§ Task instructions: Search the material for lines containing the word "name", and copy each one.

§ Record excerpts:
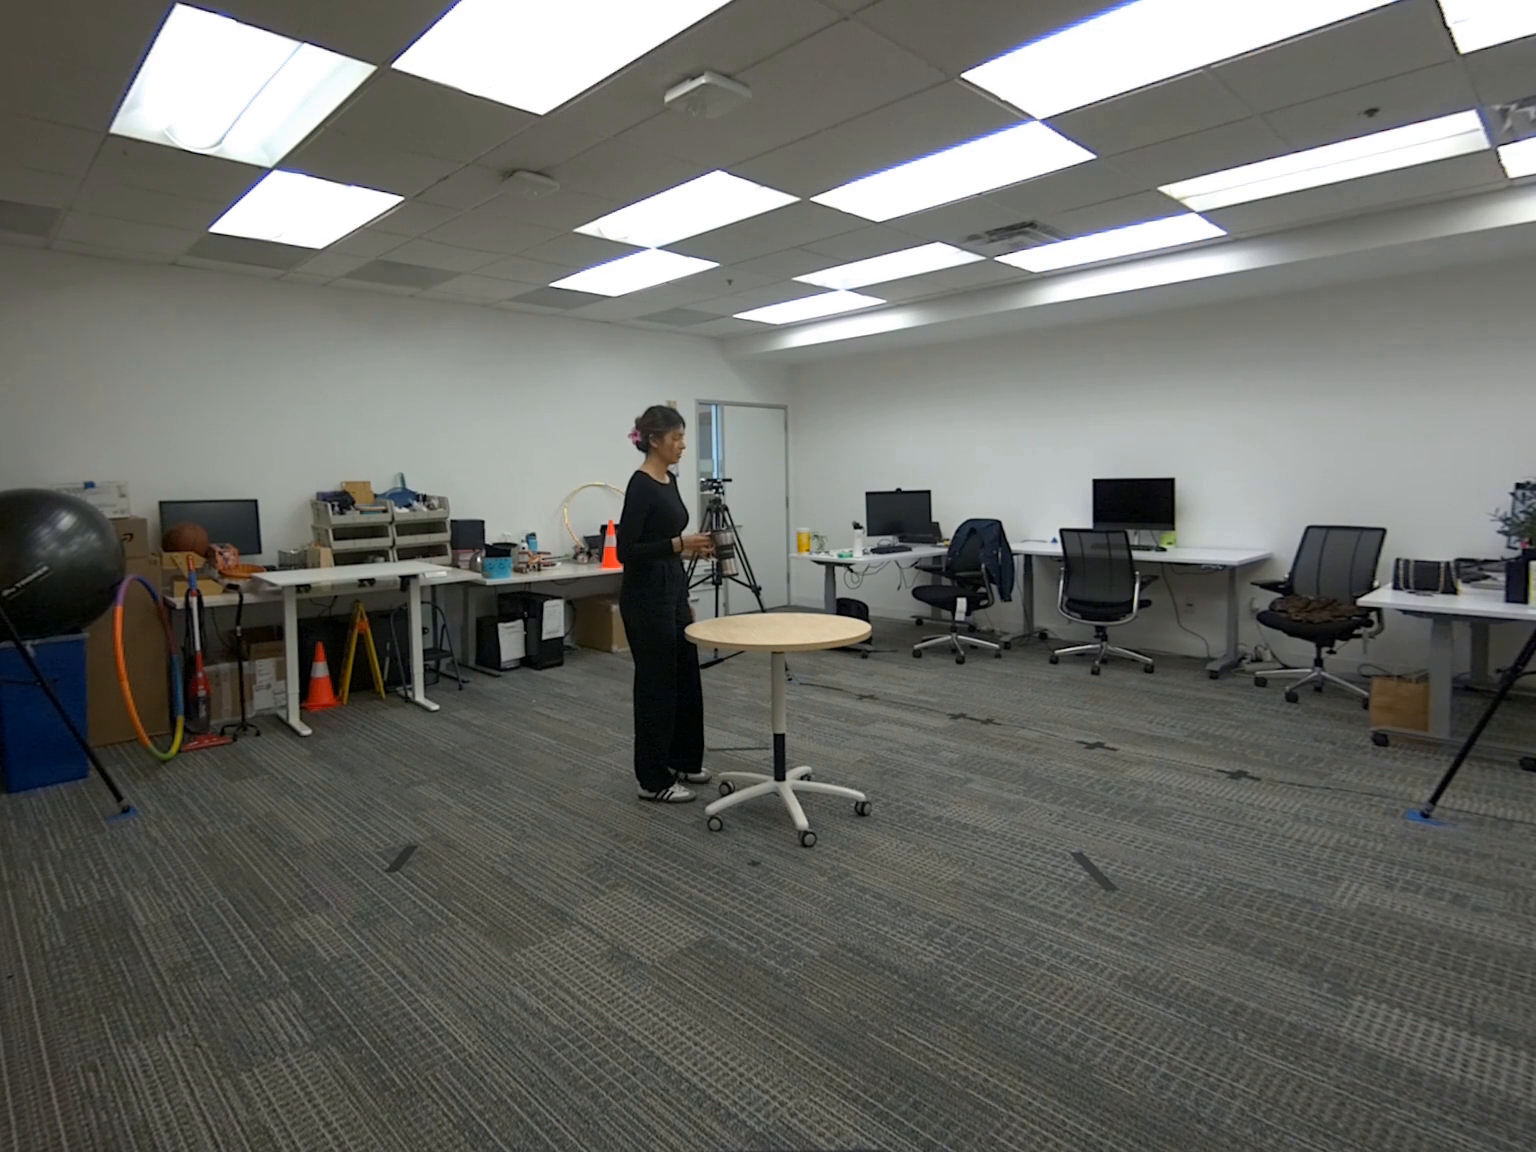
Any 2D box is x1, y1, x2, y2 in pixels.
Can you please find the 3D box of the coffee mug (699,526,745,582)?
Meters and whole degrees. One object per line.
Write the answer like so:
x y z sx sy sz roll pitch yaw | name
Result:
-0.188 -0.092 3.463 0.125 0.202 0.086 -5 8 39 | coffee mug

---

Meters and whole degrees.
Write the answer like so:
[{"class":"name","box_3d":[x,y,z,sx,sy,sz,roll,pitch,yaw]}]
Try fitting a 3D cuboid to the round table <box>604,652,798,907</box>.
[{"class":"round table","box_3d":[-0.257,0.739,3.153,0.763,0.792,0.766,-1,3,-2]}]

§ Result for this exercise:
x y z sx sy sz roll pitch yaw | name
[{"class":"name","box_3d":[x,y,z,sx,sy,sz,roll,pitch,yaw]}]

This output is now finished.